> [WORK TO COMPLETE]:
Starting at the line with "Format example (made", set down each line of the entries below through the last one, exactly as it stands.

(Saved entries)

----

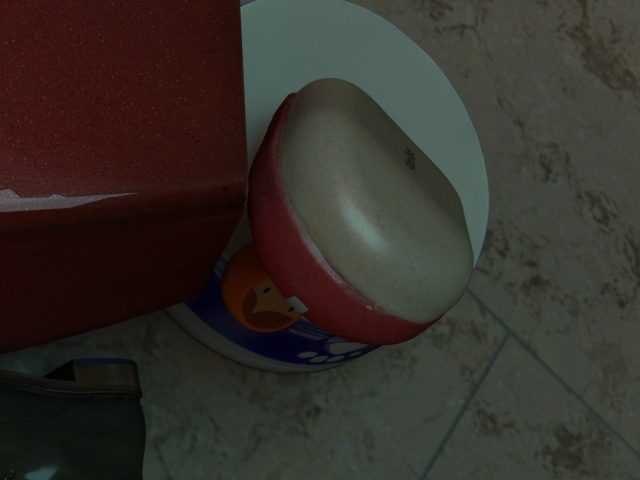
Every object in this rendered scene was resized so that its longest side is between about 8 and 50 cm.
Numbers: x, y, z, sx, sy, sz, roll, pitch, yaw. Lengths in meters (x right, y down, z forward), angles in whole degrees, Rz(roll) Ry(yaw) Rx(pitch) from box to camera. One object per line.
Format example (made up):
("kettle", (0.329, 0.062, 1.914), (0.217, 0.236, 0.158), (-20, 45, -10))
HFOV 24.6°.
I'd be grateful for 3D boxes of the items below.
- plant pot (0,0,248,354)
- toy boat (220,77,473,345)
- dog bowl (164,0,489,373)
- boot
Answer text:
("plant pot", (-0.173, -0.075, 0.848), (0.236, 0.267, 0.267), (2, 70, -13))
("toy boat", (0.000, 0.000, 0.917), (0.151, 0.151, 0.231), (46, 13, -9))
("dog bowl", (-0.010, -0.042, 1.073), (0.265, 0.104, 0.265), (12, 66, -28))
("boot", (-0.199, 0.136, 0.902), (0.219, 0.082, 0.106), (-4, 72, -35))

----

> [RESULT OF THIS TASK]:
Format example (made up):
("kettle", (0.329, 0.062, 1.914), (0.217, 0.236, 0.158), (-20, 45, -10))
HFOV 24.6°.
I'd be grateful for 3D boxes of the items below.
- plant pot (0,0,248,354)
- toy boat (220,77,473,345)
- dog bowl (164,0,489,373)
- boot
Answer text:
("plant pot", (-0.173, -0.075, 0.848), (0.236, 0.267, 0.267), (2, 70, -13))
("toy boat", (0.000, 0.000, 0.917), (0.151, 0.151, 0.231), (46, 13, -9))
("dog bowl", (-0.010, -0.042, 1.073), (0.265, 0.104, 0.265), (12, 66, -28))
("boot", (-0.199, 0.136, 0.902), (0.219, 0.082, 0.106), (-4, 72, -35))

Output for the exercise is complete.